東芝デジタルソリューションズは2020年11月5日、独自の良品学習方式を活用したAI(人工知能)画像検査「Meister Apps AI画像自動検査パッケージ」の提供を開始した。サブスクリプション型の年間ライセンスのみでの提供となる。
同社の良品学習方式は、誤検出を低減する独自の閾値最適化手法を採用。AIが学習用画像から誤検出しやすい領域を検出し、その領域で誤検出の発生を抑えるために繰り返し学習して、良品モデルの閾値を最適化する。これにより、不良品の見逃しを防ぎながら、誤検出の発生も抑えることができる。
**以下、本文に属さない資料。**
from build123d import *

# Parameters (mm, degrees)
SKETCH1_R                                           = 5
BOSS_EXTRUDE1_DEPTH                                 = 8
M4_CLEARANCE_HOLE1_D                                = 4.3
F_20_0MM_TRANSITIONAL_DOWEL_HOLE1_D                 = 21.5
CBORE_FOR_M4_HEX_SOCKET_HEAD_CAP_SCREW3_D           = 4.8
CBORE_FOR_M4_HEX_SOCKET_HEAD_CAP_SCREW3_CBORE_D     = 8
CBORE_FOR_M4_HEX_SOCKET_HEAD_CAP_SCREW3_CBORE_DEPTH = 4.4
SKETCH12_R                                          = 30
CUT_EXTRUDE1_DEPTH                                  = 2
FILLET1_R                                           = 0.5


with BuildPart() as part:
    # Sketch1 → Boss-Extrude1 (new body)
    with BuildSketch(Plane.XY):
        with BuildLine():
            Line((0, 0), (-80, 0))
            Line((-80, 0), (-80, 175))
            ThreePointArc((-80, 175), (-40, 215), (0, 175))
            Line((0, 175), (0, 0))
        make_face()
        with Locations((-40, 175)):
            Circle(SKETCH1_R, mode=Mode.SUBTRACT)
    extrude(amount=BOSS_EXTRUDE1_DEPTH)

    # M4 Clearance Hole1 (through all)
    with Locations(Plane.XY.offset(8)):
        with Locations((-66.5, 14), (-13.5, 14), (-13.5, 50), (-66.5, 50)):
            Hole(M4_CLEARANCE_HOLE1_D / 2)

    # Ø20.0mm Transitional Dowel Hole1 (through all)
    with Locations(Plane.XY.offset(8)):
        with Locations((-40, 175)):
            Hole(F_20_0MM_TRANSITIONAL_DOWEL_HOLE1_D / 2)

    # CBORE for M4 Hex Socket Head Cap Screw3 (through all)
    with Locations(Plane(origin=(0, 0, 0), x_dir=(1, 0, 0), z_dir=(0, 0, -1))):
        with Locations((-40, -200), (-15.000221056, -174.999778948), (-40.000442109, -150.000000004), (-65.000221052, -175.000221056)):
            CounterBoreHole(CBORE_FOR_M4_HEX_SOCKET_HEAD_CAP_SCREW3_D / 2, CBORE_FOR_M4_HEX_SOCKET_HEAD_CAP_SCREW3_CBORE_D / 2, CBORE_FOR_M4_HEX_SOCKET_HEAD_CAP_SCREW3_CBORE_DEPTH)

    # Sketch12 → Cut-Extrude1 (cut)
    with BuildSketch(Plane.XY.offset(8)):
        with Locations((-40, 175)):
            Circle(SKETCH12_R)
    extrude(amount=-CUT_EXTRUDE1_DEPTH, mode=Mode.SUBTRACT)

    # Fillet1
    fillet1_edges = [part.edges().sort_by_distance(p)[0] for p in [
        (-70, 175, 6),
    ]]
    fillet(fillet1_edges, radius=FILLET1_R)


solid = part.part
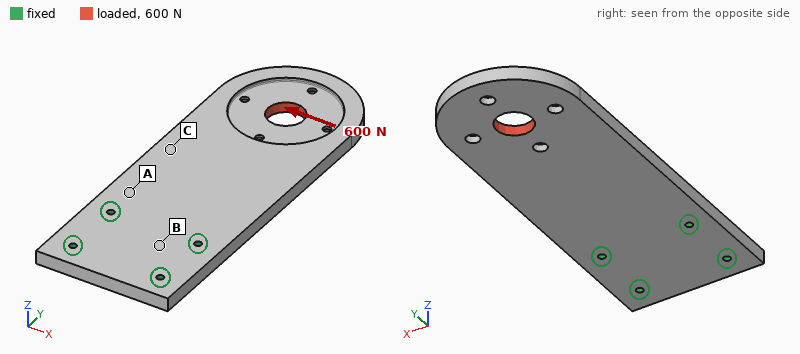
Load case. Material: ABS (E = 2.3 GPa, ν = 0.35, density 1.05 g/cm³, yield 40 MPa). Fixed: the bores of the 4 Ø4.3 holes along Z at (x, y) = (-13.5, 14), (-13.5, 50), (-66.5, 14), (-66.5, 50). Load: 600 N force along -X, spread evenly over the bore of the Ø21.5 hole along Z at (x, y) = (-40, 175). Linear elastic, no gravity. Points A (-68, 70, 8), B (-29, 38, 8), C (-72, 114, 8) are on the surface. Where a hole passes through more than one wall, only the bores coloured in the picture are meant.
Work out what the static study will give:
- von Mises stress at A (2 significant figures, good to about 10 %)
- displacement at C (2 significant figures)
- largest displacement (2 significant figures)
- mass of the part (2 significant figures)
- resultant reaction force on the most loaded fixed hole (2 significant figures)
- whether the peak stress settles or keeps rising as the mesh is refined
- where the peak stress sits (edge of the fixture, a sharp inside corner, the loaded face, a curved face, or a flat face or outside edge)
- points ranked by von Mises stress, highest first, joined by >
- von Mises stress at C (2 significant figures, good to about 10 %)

5.8 MPa
0.35 mm
1.1 mm
130 g
1.1 kN
keeps rising
edge of the fixture
A > C > B
3.3 MPa
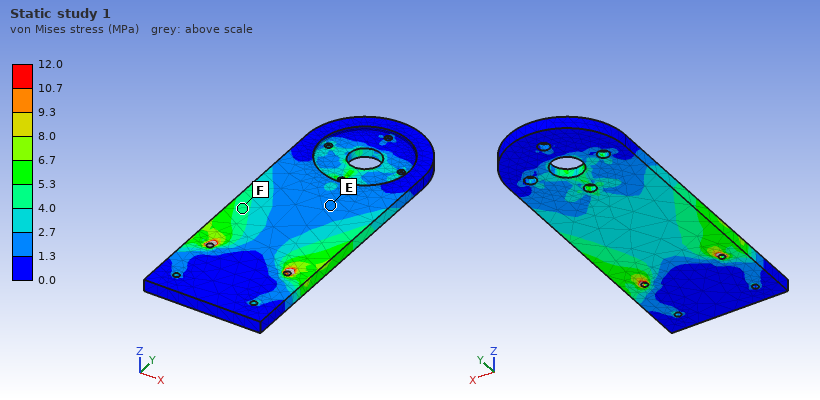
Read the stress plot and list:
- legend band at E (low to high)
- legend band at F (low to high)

1.3 to 2.7 MPa
4.0 to 5.3 MPa
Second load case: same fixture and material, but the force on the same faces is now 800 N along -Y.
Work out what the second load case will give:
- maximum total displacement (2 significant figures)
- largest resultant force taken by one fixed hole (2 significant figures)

1.3 mm
310 N
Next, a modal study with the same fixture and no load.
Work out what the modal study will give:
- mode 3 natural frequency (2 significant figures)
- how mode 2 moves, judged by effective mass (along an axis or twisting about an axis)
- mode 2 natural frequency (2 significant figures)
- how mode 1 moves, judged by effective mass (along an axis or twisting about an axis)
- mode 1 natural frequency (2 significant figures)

同パッケージは、学習ツール、良否判定エンジン、検査対象画像の位置補正などを行う画像前処理、カメラI/F、判定結果表示画面などの機能を備える。学習ツールでは、画面上で学習用画像を入力し、パラメーター設定するだけで良品モデルの作成や精度検証ができる。
良否判定エンジンは、学習ツールで作成した良品モデルと製造ラインで撮影した検査対象画像を比較し、不良品判定を実施する。判定結果の表示画面には、検査対象画像、判定後のマーキング付き画像、不良品かどうかの判定結果を表示する。リアルタイムまたは期間、製品IDによる過去の検査結果も表示できる。
なお、専用の装置は不要で、市販の産業用カメラや照明を使用するため、既存ラインの狭いスペースにも設置できる。既にある検査装置などで撮影した画像を取り込み、検査することも可能だ。
溶接工程に適用した事例では、目視検査の自動化と作業員への不良箇所の通知により、検査品質を維持しつつ、検査工程を効率化した。この他にも、さまざまな製品の検査工程に導入できるとしている。